READER: WHY EXACTLY ARE YOU DOING IT?

Writer: Doing what?

Reader: Writing about the Zoo.

Writer: Because I like the Zoo.

Reader: Oh yeah?

Writer: Well, why shouldn’t I like the Zoo?

Reader: I didn’t say you didn’t. I like the Zoo myself.

Writer: I know what you’re thinking—the Zoo is not my style?

Reader: Something of the sort.

Writer: Well, is it your style then?

Reader: More my style than yours. The Zoo is a public institution and I’m the public. You’re just a writer.

Writer: A private institution?

Reader: Private, anyway.

Writer: Writers, you mean, mustn’t write about public institutions?

Reader: Not unless they know something about them.

Writer: You mean—unless they’re experts.

Reader: Yes.

Writer: Then who is the expert on the Zoo?

Reader: Julian Huxley.

Writer: So that’s that?

Reader: Yes.

Writer: Then this also is this. Julian Huxley knows a great deal more about the Zoo than either you or I do. But Julian Huxley himself is, so to speak, in the Zoo. Now it is very necessary that people who are inside something should speak about it from the inside. But, if not necessary, it is sometimes agreeable that outsiders—laymen—should say what they think about things.

Reader: Outsiders! Busybodies, dilettantes, parasites!

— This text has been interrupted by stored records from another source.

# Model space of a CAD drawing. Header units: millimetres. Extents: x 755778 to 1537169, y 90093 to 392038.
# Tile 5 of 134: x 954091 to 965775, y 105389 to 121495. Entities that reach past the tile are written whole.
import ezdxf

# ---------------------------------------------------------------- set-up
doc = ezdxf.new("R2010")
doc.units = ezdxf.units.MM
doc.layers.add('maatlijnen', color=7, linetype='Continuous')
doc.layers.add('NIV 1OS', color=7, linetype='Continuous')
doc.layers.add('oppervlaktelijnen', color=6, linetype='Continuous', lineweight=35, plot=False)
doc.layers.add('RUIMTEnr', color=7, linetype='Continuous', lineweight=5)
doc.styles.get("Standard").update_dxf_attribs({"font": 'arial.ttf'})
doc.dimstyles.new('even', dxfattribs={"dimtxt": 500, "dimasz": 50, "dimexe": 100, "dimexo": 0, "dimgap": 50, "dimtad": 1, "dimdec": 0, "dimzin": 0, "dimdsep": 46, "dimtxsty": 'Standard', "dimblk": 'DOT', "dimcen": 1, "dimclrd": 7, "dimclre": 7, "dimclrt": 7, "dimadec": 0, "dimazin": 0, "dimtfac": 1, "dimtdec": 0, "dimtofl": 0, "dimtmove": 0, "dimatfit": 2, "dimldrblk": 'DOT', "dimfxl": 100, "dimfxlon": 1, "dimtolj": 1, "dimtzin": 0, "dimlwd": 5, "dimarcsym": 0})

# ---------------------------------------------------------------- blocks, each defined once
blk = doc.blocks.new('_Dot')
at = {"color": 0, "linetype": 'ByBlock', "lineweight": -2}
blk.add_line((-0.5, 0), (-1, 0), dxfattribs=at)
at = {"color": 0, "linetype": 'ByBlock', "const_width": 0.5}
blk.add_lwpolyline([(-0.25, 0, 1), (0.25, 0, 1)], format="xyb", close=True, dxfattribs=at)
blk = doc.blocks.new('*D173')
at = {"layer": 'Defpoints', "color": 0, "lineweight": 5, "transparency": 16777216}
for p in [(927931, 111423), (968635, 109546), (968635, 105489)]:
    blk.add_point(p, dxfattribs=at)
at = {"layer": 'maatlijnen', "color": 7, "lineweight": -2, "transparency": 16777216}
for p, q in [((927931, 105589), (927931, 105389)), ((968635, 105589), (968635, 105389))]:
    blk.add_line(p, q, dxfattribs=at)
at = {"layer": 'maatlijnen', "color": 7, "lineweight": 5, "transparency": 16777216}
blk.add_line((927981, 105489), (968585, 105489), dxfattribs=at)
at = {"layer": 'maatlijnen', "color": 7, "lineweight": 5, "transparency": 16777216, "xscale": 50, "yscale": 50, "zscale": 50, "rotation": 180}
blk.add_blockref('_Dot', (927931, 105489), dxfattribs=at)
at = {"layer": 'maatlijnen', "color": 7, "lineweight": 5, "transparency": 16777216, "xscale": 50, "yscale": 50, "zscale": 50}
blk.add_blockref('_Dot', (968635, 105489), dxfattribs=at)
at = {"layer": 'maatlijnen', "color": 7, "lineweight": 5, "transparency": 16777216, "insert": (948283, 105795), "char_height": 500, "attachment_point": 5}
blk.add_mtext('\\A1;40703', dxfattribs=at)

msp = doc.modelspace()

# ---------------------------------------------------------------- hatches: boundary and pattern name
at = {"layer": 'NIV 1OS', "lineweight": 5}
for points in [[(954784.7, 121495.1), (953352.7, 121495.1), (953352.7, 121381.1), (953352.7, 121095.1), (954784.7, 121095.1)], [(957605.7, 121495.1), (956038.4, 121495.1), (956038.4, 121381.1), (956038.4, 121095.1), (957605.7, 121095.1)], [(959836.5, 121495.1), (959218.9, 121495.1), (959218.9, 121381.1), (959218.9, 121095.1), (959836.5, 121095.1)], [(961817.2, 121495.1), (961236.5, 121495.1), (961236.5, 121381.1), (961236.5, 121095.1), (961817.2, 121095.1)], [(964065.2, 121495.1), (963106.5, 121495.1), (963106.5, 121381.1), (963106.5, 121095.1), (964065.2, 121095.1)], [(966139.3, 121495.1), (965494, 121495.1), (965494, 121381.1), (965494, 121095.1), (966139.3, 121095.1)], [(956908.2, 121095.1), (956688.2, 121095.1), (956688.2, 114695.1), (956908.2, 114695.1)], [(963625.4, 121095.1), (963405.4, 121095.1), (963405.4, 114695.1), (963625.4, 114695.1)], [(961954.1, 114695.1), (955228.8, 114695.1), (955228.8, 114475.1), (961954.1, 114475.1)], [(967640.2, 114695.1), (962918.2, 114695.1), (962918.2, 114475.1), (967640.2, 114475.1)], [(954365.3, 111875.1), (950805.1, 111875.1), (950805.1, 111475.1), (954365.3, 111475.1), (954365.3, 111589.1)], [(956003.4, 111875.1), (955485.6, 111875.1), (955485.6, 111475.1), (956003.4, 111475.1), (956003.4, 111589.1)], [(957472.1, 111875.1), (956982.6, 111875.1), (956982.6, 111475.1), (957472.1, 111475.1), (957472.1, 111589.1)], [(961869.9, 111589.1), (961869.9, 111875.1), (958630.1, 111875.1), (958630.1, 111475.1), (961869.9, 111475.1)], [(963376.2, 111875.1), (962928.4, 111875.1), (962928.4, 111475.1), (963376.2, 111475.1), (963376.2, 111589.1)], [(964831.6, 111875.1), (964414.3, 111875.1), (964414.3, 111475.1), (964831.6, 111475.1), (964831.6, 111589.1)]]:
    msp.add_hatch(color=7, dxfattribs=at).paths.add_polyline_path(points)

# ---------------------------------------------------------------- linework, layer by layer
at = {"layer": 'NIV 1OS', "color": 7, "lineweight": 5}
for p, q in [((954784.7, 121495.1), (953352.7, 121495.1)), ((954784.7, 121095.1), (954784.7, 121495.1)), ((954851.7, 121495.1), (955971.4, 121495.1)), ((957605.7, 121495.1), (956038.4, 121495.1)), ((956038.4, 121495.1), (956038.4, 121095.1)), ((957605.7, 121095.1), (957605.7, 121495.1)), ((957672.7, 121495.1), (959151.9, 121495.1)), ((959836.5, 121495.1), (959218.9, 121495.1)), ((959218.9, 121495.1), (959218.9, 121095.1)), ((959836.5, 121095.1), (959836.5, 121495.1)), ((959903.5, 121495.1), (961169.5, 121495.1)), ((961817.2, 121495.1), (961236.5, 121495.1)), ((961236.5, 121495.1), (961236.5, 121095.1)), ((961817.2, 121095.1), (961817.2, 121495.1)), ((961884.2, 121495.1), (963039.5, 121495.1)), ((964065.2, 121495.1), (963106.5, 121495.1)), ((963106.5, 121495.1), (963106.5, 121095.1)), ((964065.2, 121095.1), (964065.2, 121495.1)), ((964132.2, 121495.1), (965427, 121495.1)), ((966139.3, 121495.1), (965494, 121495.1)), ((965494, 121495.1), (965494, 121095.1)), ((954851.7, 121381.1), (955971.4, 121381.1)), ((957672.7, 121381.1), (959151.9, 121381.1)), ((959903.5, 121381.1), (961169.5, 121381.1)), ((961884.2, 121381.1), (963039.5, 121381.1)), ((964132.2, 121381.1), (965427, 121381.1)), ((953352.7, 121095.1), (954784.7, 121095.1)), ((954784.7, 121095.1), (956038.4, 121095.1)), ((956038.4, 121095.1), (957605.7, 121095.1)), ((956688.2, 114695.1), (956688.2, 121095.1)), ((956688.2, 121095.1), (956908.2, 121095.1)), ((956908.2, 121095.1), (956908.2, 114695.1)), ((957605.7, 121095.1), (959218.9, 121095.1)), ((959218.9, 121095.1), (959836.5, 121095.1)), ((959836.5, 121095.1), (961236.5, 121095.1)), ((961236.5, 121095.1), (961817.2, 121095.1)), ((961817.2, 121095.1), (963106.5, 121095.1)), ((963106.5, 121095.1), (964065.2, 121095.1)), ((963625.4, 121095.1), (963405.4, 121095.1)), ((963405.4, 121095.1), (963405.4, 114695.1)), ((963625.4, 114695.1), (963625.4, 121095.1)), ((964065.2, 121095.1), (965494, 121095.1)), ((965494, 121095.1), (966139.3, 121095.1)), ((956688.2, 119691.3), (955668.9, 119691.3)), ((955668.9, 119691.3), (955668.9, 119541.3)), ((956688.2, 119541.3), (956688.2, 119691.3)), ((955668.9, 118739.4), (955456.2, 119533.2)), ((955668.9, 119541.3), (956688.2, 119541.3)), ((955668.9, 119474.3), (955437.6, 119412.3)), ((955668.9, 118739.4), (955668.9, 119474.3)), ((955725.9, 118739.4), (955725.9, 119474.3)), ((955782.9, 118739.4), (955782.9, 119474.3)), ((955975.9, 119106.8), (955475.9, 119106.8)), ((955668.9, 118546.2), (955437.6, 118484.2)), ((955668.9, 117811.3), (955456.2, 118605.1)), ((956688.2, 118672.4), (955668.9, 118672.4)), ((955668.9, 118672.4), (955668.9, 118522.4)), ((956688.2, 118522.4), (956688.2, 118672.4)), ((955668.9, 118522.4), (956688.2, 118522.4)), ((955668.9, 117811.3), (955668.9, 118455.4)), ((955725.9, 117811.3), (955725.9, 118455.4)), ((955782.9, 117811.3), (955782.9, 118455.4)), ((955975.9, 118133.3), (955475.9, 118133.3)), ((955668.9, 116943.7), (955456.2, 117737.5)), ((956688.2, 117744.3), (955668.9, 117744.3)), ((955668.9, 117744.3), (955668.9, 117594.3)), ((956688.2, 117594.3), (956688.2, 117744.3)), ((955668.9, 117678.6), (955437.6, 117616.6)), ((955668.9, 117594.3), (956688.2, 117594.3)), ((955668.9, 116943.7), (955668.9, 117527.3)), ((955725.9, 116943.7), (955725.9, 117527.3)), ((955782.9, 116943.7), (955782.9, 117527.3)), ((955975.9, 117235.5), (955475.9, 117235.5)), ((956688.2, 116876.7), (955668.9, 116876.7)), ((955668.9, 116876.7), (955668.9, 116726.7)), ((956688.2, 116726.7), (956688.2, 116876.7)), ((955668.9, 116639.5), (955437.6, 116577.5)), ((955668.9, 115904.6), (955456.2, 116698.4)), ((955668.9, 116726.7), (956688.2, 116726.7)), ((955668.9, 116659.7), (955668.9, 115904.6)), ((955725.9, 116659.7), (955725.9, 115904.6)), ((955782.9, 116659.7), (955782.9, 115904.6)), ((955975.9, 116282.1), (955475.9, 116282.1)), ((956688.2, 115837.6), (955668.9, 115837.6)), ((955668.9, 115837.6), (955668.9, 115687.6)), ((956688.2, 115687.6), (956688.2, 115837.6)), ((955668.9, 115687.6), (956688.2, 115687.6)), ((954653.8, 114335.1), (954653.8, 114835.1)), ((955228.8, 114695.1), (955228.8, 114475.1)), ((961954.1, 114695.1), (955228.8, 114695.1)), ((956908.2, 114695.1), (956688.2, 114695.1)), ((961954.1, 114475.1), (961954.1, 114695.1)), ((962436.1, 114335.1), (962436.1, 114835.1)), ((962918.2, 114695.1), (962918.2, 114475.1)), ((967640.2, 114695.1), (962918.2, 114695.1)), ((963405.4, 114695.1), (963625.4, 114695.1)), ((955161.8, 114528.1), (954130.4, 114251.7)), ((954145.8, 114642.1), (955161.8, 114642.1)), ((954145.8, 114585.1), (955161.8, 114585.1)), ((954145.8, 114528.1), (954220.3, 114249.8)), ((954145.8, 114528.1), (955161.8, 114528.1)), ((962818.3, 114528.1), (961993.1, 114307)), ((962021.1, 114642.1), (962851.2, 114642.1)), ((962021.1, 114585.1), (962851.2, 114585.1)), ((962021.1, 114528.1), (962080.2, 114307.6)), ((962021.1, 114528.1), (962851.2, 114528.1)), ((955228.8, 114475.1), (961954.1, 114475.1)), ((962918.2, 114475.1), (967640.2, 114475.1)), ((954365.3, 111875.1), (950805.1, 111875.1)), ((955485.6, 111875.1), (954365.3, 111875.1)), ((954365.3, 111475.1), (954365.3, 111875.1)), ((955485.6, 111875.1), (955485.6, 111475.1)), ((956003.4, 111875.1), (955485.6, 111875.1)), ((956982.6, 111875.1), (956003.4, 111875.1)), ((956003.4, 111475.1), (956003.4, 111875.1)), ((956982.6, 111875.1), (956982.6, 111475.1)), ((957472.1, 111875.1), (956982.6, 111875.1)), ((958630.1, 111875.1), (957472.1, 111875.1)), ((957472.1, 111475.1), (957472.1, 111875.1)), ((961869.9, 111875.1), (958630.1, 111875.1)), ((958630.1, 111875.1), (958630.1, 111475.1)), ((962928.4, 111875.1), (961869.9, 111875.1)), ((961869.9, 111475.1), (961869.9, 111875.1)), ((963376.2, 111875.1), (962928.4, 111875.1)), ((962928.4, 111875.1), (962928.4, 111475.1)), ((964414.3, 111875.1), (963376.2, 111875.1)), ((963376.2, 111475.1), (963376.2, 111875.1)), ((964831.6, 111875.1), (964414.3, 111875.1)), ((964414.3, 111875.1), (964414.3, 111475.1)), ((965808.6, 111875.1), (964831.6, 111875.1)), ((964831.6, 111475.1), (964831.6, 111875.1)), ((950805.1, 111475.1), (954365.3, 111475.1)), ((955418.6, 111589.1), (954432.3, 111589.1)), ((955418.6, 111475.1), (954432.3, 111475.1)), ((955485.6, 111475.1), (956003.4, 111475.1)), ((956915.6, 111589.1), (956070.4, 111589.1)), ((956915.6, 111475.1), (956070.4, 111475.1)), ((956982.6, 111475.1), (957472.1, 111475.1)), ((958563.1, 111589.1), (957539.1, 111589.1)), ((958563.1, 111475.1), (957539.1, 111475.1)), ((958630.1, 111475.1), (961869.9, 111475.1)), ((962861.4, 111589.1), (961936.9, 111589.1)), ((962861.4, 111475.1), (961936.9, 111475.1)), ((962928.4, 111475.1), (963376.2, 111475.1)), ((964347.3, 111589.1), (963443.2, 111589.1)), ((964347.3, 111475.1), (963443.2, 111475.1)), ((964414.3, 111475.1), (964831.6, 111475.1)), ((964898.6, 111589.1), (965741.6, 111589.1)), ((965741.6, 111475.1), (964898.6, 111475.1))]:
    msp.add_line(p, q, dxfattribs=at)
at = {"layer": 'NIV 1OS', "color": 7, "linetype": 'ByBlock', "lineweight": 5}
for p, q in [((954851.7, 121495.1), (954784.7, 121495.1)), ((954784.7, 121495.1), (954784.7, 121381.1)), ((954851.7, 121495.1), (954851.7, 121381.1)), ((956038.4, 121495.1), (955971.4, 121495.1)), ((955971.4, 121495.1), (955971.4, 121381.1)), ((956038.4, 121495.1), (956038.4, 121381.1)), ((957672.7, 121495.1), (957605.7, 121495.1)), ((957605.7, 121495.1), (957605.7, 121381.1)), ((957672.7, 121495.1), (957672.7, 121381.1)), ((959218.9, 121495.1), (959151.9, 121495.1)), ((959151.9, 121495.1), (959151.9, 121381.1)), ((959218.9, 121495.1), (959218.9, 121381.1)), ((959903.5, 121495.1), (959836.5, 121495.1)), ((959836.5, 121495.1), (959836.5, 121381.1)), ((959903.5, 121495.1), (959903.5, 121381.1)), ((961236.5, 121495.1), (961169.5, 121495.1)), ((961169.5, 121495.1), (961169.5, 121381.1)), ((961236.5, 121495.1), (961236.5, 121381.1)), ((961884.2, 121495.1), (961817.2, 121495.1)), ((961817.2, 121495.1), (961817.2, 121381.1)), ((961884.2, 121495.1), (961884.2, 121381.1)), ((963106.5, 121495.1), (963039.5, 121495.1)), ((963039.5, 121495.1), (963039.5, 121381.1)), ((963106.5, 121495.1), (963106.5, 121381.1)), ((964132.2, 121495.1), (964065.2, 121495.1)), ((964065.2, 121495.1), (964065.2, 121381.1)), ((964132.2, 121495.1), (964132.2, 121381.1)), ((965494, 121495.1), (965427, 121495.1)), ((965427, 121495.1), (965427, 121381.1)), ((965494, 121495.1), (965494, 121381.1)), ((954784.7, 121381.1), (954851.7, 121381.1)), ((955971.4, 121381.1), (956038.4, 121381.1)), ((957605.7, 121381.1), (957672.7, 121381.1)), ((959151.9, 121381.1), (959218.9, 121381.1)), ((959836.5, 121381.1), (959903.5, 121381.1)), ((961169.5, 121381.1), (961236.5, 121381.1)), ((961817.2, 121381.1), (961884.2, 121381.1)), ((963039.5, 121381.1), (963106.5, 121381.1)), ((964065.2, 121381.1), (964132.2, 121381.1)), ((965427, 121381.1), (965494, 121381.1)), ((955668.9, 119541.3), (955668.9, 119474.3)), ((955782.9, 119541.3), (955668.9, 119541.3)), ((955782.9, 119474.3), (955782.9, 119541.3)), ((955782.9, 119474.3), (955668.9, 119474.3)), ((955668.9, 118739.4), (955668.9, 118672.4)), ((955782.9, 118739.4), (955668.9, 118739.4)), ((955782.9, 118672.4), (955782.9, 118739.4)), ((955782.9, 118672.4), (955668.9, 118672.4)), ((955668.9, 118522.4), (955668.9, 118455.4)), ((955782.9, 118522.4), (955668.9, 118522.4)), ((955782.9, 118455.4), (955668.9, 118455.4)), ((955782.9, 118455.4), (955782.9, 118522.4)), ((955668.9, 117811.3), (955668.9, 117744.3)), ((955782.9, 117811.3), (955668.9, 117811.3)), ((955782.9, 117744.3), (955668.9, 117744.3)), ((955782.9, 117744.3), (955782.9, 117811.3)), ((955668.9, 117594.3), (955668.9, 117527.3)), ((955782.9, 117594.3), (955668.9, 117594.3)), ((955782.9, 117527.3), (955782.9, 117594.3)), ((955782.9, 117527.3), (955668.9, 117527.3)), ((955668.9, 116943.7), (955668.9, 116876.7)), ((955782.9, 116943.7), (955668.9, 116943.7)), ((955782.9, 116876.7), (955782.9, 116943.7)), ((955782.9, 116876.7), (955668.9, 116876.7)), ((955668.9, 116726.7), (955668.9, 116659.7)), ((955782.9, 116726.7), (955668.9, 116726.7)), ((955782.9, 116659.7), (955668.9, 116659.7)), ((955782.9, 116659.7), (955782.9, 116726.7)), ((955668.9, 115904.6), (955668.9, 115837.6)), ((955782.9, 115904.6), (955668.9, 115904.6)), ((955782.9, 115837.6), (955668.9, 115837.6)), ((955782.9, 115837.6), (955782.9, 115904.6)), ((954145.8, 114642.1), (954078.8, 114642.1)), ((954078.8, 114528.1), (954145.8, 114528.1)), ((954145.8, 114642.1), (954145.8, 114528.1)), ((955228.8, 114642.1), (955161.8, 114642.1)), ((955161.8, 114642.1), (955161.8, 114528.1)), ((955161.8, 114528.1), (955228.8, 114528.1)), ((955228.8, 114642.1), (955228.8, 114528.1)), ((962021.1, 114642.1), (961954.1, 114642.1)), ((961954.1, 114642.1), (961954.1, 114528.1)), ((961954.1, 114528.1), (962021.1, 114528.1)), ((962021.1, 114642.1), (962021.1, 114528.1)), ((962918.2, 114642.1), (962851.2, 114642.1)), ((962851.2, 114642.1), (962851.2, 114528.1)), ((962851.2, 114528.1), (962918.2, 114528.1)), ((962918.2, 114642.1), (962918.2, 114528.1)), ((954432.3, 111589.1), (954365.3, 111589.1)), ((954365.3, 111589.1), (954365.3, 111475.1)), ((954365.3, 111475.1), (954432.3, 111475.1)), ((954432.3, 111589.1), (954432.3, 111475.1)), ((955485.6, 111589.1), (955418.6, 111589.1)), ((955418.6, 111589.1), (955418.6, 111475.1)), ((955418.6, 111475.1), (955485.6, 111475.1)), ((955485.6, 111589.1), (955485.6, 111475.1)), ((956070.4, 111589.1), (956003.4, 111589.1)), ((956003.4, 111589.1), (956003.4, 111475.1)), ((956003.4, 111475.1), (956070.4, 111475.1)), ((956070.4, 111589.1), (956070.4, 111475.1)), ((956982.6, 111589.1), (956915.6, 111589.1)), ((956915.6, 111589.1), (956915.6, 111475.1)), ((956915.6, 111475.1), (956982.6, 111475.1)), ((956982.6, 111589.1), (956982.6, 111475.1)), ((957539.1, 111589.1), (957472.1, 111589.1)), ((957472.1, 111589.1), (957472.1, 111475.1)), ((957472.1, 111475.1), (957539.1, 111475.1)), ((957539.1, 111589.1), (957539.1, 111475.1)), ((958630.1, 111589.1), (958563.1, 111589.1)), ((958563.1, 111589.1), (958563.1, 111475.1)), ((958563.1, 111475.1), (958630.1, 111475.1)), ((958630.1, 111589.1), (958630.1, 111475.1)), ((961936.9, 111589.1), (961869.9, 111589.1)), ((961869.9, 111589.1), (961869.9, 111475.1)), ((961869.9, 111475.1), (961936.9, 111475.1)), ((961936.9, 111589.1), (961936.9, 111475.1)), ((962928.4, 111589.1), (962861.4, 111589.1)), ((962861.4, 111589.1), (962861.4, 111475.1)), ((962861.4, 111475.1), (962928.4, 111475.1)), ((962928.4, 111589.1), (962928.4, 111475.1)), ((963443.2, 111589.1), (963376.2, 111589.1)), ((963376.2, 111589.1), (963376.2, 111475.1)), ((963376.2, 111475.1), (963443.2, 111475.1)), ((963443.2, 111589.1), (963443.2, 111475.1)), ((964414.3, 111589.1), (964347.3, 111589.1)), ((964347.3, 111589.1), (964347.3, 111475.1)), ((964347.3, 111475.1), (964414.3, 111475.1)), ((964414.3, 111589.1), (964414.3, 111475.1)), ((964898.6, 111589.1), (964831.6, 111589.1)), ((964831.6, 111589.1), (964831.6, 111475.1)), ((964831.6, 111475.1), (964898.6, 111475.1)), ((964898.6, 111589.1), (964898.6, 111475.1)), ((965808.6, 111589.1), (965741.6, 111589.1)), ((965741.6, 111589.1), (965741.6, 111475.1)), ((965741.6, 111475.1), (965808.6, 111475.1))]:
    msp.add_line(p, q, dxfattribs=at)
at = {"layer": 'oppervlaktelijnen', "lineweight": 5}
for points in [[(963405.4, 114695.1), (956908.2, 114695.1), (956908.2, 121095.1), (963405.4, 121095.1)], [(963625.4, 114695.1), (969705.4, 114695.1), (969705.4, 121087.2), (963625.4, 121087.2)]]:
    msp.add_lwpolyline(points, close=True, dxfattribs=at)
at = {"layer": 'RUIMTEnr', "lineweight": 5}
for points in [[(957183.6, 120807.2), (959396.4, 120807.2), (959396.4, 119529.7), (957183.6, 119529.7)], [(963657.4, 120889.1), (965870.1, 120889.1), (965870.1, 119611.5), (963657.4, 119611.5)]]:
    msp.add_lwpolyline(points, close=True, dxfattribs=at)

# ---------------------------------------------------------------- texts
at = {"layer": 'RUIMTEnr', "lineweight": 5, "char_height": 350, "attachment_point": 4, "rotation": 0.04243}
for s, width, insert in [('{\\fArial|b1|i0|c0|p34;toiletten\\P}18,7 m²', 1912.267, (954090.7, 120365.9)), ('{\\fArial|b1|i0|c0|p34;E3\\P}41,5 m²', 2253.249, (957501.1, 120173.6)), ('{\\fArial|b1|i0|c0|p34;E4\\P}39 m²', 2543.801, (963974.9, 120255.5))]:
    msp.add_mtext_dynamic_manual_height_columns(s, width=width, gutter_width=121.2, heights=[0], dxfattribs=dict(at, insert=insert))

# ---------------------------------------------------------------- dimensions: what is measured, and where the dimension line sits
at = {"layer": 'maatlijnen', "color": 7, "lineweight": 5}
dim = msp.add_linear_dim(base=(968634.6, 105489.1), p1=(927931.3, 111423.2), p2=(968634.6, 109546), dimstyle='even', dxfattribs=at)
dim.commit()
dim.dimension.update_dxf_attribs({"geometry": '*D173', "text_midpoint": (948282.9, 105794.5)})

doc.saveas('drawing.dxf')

Writer: Quite so. But there are good parasites and bad. Now I am a good parasite.

Reader: In what way good?

Writer: Because I pay homage to the hand that feeds me, or, if you prefer it, to the skin on which I fatten without the knowledge of its owner. We are all fed from hundreds and thousands of hands. Often we do not know whose they are nor how they work. Only a few of us ever visualize the hands that grope in the coal-mines or push levers in the mills or handle axes in the lumber-camp. Still fewer of us have any inside information about these hands or their owners. All the same, if we think about them at all, it is our privilege to talk about them, though with the proper humility of laymen—to say at least that we are grateful to them (if we are) or on the other hand to criticize, if we want to, the hands themselves or their owners or, more likely, the owners of their owners.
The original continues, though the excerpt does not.